Counting the distinct elements ( \(F_0\)-estimation )
Description
\(n\) elements, each element \(\in [m]\) , \(n,m\) are large
Goal: output the number of distinct elements
Google : HyperLogLog
A simpler (idealized) algorithm with Hash function
deterministic hash function \(h:[m]\to [0,1]\)
Take representative: maintain \(k=\mathcal O(\frac{1}{\epsilon^2})\)-th smallest \(h\) value ( suppose its value is \(t\) )
Not taking the smallest value: variance is large
Estimation: \(\frac{t}{k}\)
Can achieve \((\epsilon,\delta)\)-approximation (Proof: Chernoff Bound)
Real Implementation: \(h:[m]\to [m^2]\), only store smallest \(k\) values
Chapter 10 Local Search
10.1 Metropolis Algorithm
From statistical mechanics
\(\Pr\{\text{a state with energy }E\}\sim \exp(-\frac{E}{kT})\)
(Purple: Small \(T\), Red: Large \(T\))
Markov Chain
Directed weighted graph \(G\), \(\forall u\in V,\sum_{(u,v)\in E}p(u,v)=1\)
Transition matrix: \(P_{i,j}=p(i,j)=P(j|i)\)
\((P^k)_{i,j}\): probability that start from \(i\) and end at \(j\) with exactly \(k\) steps
Stationary distribution \(\bar x\): \(P^T\bar x=\bar x\)

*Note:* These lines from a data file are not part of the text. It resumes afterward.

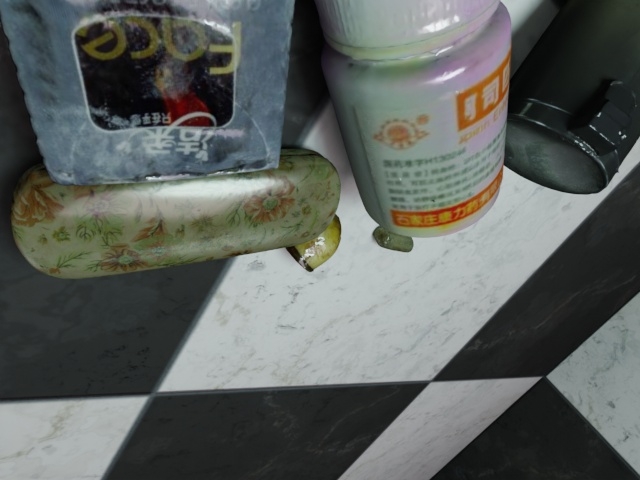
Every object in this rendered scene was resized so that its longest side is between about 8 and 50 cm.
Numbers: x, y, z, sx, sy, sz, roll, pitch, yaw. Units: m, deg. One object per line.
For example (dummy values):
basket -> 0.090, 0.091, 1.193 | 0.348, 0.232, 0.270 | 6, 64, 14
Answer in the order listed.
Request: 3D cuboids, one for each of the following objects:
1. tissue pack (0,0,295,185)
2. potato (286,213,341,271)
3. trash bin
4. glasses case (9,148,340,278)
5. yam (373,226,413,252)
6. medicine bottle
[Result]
tissue pack -> -0.154, -0.231, 0.399 | 0.260, 0.122, 0.361 | -6, 132, -22
potato -> 0.000, 0.000, 0.757 | 0.103, 0.066, 0.096 | -44, 141, 7
trash bin -> 0.414, -0.247, 0.639 | 0.203, 0.252, 0.301 | 35, 90, -4
glasses case -> -0.168, -0.043, 0.584 | 0.426, 0.098, 0.156 | -9, 129, -26
yam -> 0.151, -0.001, 0.869 | 0.094, 0.043, 0.043 | 10, 122, -40
medicine bottle -> 0.122, -0.199, 0.539 | 0.219, 0.219, 0.388 | -30, 137, -6
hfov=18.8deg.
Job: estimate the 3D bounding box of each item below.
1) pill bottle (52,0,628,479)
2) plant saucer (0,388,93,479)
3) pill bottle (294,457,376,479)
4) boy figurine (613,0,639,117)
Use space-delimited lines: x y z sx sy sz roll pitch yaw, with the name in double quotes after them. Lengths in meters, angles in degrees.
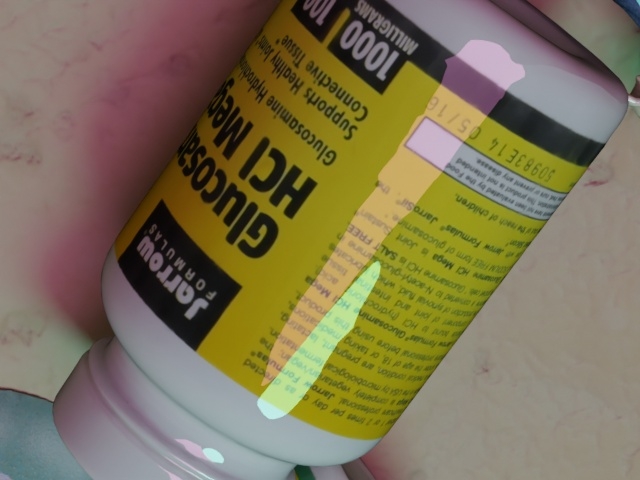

Finite space: must have stationary distribution
Count # perfect matching in bipartite graph
\(\iff\) Sampling problem \(\iff\) Markov Chain ( matching \(\to\) matching )
Design MC s.t. stationary distribution of MC is uniformly distributed over all states
Starting from one state, after \(k\) steps we stop, consider the final state as a uniformly sampled stationary distribution
Under certain condition (Ergodic), a random walk will converge to a unique stationary distribution
\(\forall x_0,\lim\limits_{k\to\infty}(P^T)^k x_0=\bar x\)
Mix time: maximum ( consider all \(x_0\) ) time to reach \(\bar x\)
Metropolis Algorithm
\(\mathcal C\): set of all states, \(S\): current state, \(S'\): a uniformly chosen neighbor of \(S\).
If \(E(S')<E(S)\), \(S\gets S'\). Otherwise, \(S\gets S'\) with probability \(\exp(-\frac{E(S')-E(S)}{kT})\).
Theorem: Let \(Z=\sum_{S\in \mathcal C}\exp(-\frac{E(S)}{kT})\), then \[ \Pr\{S\gets \mathcal C:S\in \text{stationary distribution}\}=\frac{1}{Z}\exp(-\frac{E(S)}{kT}) \] Application:
- Sampling: Bayesian Inference/ Graphical Models
- Optimization: minimize \(f(x)\): Let \(E(S)=f(S)\) \(\to\) Simulated Annealing
Simulated Annealing
Goal: minimize \(f\)
- High temperature: like uniform, Markov Chain converges quicker for larger \(T\) (since the graph has good continuity)
- Low temperature: many local minimum, hard to sample (converges slower)
Cooling scheduling \(T=T(i)\): \(i=1,2,\cdots\)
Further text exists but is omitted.